There is no direct way to generate a new invitation message if for example the invitee has lost the original message or the email for some reason couldn't be delivered. CustomerID will automatically send the invitation link again within reminder messages according to the configuration.

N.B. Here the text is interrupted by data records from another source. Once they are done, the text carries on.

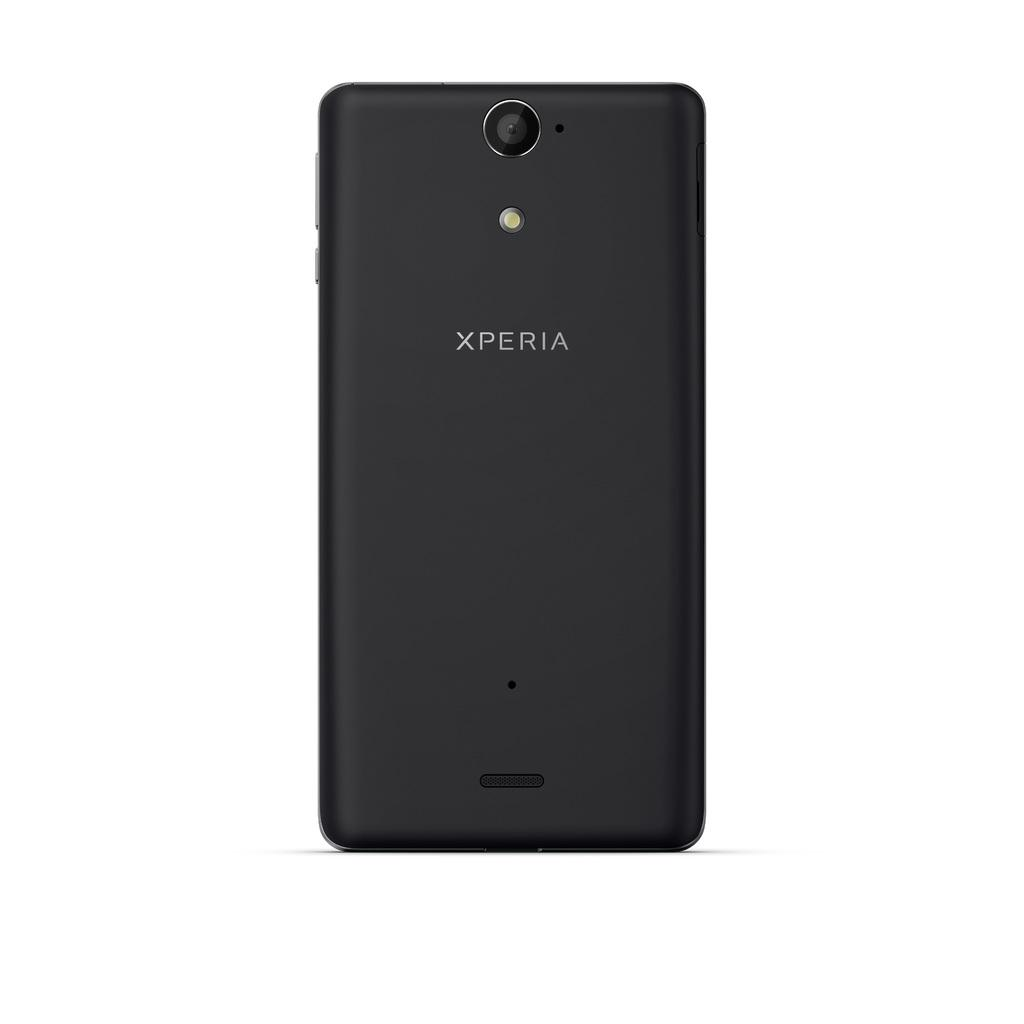<image>
Share a concise interpretation of the image provided. The rear of an Xperia phone is black and has the camera lens at the top. 
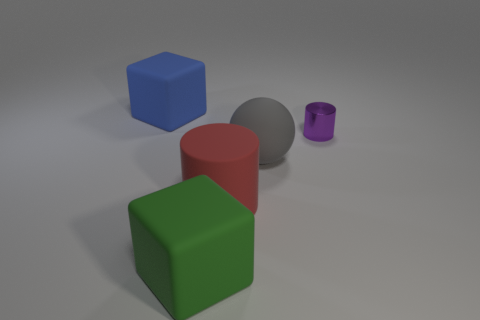Add 3 small gray matte objects. How many objects exist? 8 Subtract 1 balls. How many balls are left? 0 Subtract all cyan balls. Subtract all green blocks. How many balls are left? 1 Subtract all gray balls. How many purple cylinders are left? 1 Subtract all small metal cylinders. Subtract all tiny purple metallic cylinders. How many objects are left? 3 Add 4 gray rubber things. How many gray rubber things are left? 5 Add 4 big brown cubes. How many big brown cubes exist? 4 Subtract all green blocks. How many blocks are left? 1 Subtract 0 blue balls. How many objects are left? 5 Subtract all balls. How many objects are left? 4 
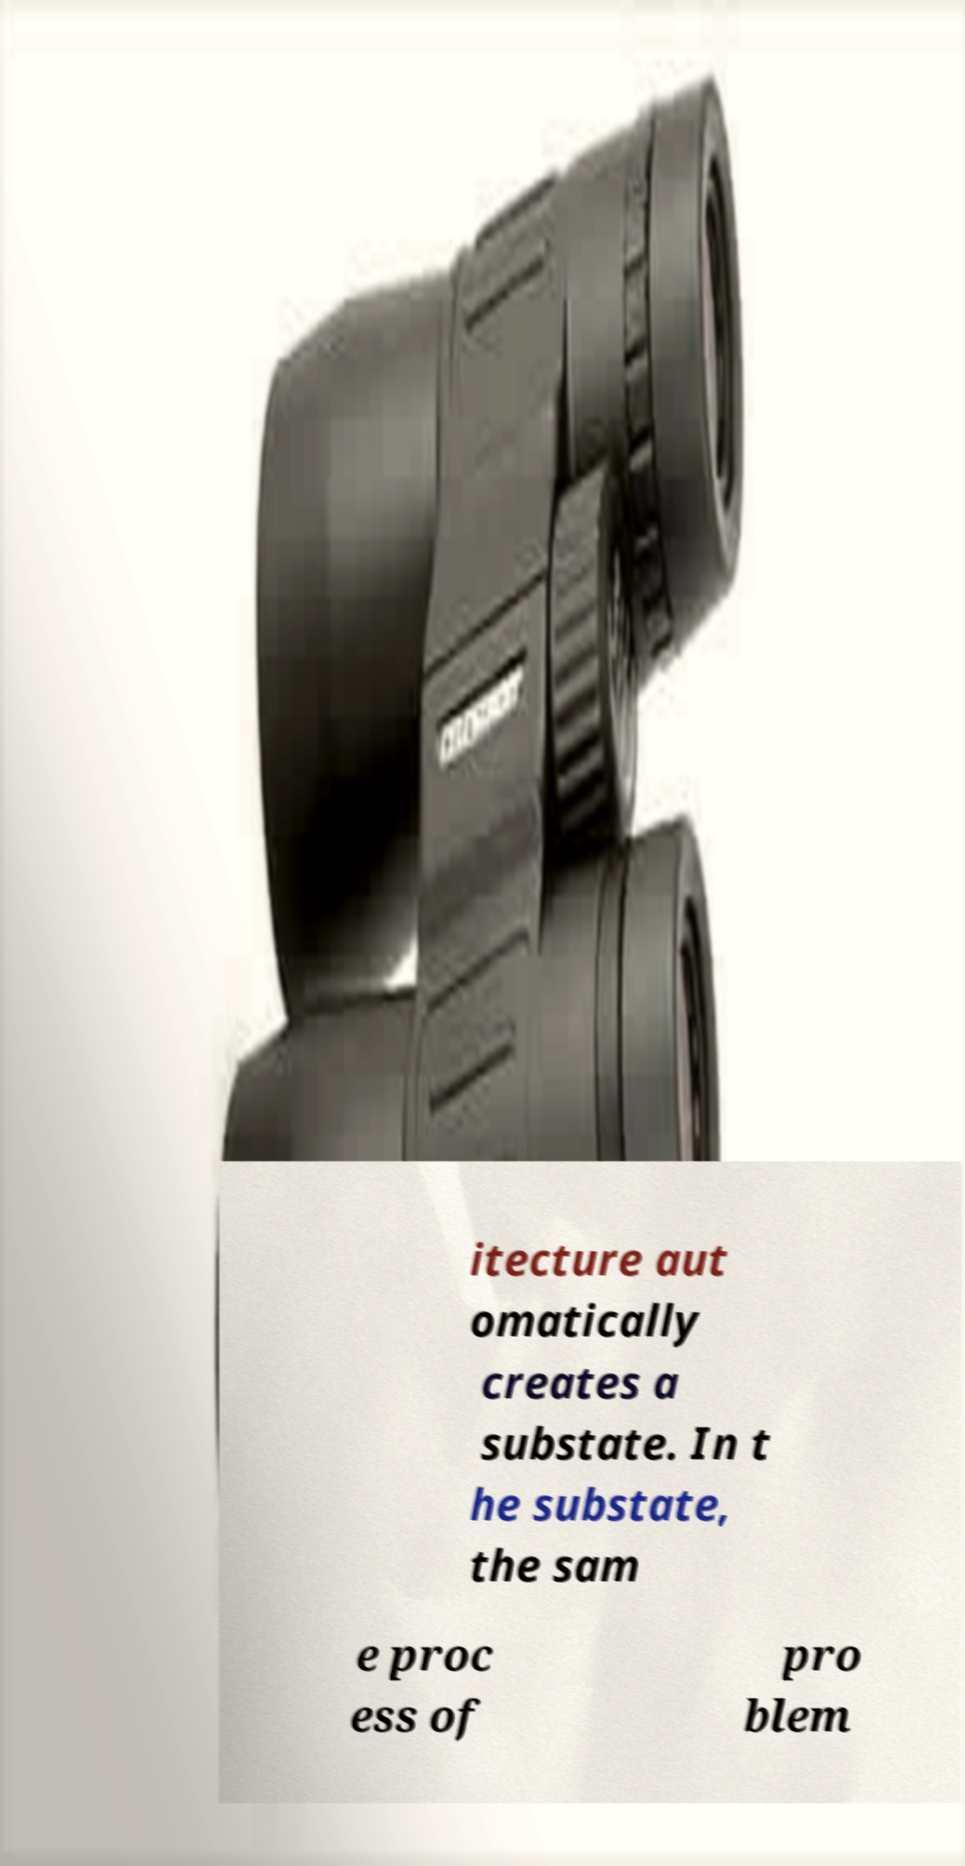Could you extract and type out the text from this image? itecture aut omatically creates a substate. In t he substate, the sam e proc ess of pro blem

If the invitation explicitely must be sent again, you can delete the invited pending user (example follows later in this article) and generate a new invitation by using the operation MOD026 (Create pending user).

It is also possible to generate the invitation link and send it directly to the invitee without using CustomerID. Here is an example invitation email generated by CustomerID when using MOD026 (Create pending user):

Example invitation email
Dear Firstname Lastname,

You are invited to use Customer A services.

Please create an account and set a password here:
https://account.test1.onubisecure.com/eidm2/wf/register/roleinvite/9b9ae8cf-6e3a-4d98-9b8d-7649387340f3

NOTE: Do not reply to this address.

You can compose the registration link by using the operation REQ015 (Query Registration):

REQ15 Query Registration
GET /customerid-rest/services/pendinguser/762983ae-ead7-4e3a-9281-a21898dafd4c?username=restuser&password=*** HTTP/1.1
Host: account.test1.onubisecure.com


XML Response
<pendingUser>
   <userid>762983ae-ead7-4e3a-9281-a21898dafd4c</userid>
   <pendinguserid>9b9ae8cf-6e3a-4d98-9b8d-7649387340f3</pendinguserid>
   <registrationwf>roleinvite</registrationwf>
</pendingUser>

List all user invitations

Use the operation REQ013 (List Registrations) to list all pending user invitations:

REQ013 (List Registrations)
GET /customerid-rest/services/pendingusers/?username=restuser&password=*** HTTP/1.1
Host: account.test1.onubisecure.com


XML Response
<idlist>
<id>https://account.test1.onubisecure.com/customerid-rest/services/pendinguser/1c008667-506f-4763-8da6-2f4d6a00bcb7</id>
<id>https://account.test1.onubisecure.com/customerid-rest/services/pendinguser/637a6b3e-e2a1-4624-8a8d-dba08bb13a18</id>
<id>https://account.test1.onubisecure.com/customerid-rest/services/pendinguser/5948d0ed-e89d-4148-a8ab-b1fb24ee4049</id>
</idlist>

You can then use REQ002 (Query User) to get attributes of each pending user.

Delete user invitation

If you need to delete an invitation completely, use MOD010 (Delete User):

MOD010 Delete User
DELETE /customerid-rest/services/2.0/users/762983ae-ead7-4e3a-9281-a21898dafd4c?username=restuser&password=*** HTTP/1.1
Host: account.test1.onubisecure.com


XML Response
<?xml version="1.0" encoding="UTF-8" standalone="yes"?>
<Users 
    xmlns="http://schema.ubisecure.com/customerid/api" inResponseTo="/2.0/users/762983ae-ead7-4e3a-9281-a21898dafd4c" method="DELETE">
    <Id>762983ae-ead7-4e3a-9281-a21898dafd4c</Id>
</Users>


Summary

Using the above APIs it is possible to implement creation and management of new users and the invitation process. Typically a target application includes the relevant calls within the target application user interface. See Complex invitation form example using CustomerID API for an example.